FICHE QUESTION
11ème législature
Question N° : 10389  de  M.   Marsaudon Jean ( Rassemblement pour la République - Essonne ) QE
Ministère interrogé :  économie
Ministère attributaire :  économie
Question publiée au JO le :  23/02/1998  page :  966
Réponse publiée au JO le :  08/02/1999  page :  771
Rubrique :  marchés financiers
Tête d'analyse :  actions
Analyse :  actionnaires détenant 95 % des droits de vote d'une société. pouvoirs. conséquences
Texte de la QUESTION : M. Jean Marsaudon appelle l'attention de M. le ministre de l'économie, des finances et de l'industrie sur l'article 6 bis de la loi n° 88-70 du 22 janvier 1988 modifié par la loi n° 93-1444 du 31 décembre 1993. Cette modification permet aux actionnaires qui possèdent au moins 95 % des droits de vote d'une société d'imposer, à l'issue d'une procédure d'offre ou de demande de retrait, aux détenteurs minoritaires, de leur transférer leurs actions (art. 2571 du règlement du conseil des bourses de valeurs).
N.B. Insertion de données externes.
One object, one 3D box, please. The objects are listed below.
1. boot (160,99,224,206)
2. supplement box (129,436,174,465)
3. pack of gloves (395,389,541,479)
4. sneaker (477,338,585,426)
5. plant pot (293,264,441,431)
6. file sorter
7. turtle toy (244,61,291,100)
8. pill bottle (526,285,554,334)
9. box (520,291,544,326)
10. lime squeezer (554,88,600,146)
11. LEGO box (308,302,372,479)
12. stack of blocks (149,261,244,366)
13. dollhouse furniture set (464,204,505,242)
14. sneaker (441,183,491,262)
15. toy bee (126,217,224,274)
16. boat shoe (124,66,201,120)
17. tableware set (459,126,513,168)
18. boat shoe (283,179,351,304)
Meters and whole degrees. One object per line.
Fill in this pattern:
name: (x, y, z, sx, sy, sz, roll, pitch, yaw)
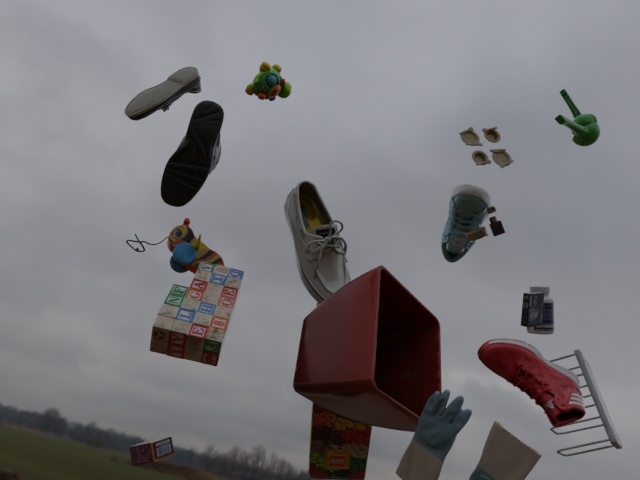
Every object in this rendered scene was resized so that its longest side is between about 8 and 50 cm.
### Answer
boot: (-0.439, -0.273, 1.803, 0.138, 0.377, 0.284, 18, -10, -9)
supplement box: (-0.379, 0.473, 1.157, 0.083, 0.043, 0.055, -22, -14, 30)
pack of gloves: (0.253, 0.384, 0.899, 0.195, 0.232, 0.046, 32, 28, 33)
sneaker: (0.418, 0.276, 0.999, 0.221, 0.128, 0.087, 21, -66, 0)
plant pot: (0.093, 0.255, 1.112, 0.236, 0.267, 0.267, -20, -46, 32)
file sorter: (0.797, 0.517, 1.621, 0.173, 0.277, 0.193, -23, -35, 23)
turtle toy: (-0.123, -0.391, 1.299, 0.066, 0.130, 0.095, 49, -61, 14)
pill bottle: (0.794, 0.250, 1.860, 0.094, 0.169, 0.094, 1, -3, 0)
box: (0.527, 0.171, 1.279, 0.067, 0.083, 0.018, 3, 3, -37)
lime squeezer: (0.558, -0.259, 1.129, 0.110, 0.310, 0.059, 33, -55, 8)
LEGO box: (0.067, 0.515, 1.834, 0.193, 0.500, 0.372, 3, -59, -1)
stack of blocks: (-0.318, 0.179, 1.366, 0.171, 0.297, 0.087, 14, -58, -5)
dollhouse furniture set: (0.501, -0.046, 1.602, 0.114, 0.091, 0.081, -21, -5, 15)
sneaker: (0.467, -0.038, 1.673, 0.135, 0.150, 0.366, 10, -26, 14)
toy bee: (-0.418, 0.012, 1.616, 0.298, 0.162, 0.195, 40, -34, -27)
boat shoe: (-0.357, -0.327, 1.195, 0.075, 0.206, 0.065, 29, -30, 30)
tableware set: (0.523, -0.294, 1.619, 0.141, 0.168, 0.020, -10, -24, -16)
boat shoe: (0.008, -0.003, 1.378, 0.136, 0.367, 0.156, -9, -22, -22)

Cette disposition lui semble tout à fait incompatible avec l'article 17 de la Déclaration des droits de l'homme et du citoyen par lequel la propriété est un droit inviolable et sacré dont nul ne peut être privé, si ce n'est lorsque la nécessité publique, légalement constatée, l'exige. Egalement contraire à l'article 545 du code civil, cette mesure ne saurait répondre à des impératifs d'utilité publique puisqu'elle est essentiellement appliquée au sein de groupes privés. Il lui demande donc s'il envisage le retrait de cette disposition inconstitutionnelle.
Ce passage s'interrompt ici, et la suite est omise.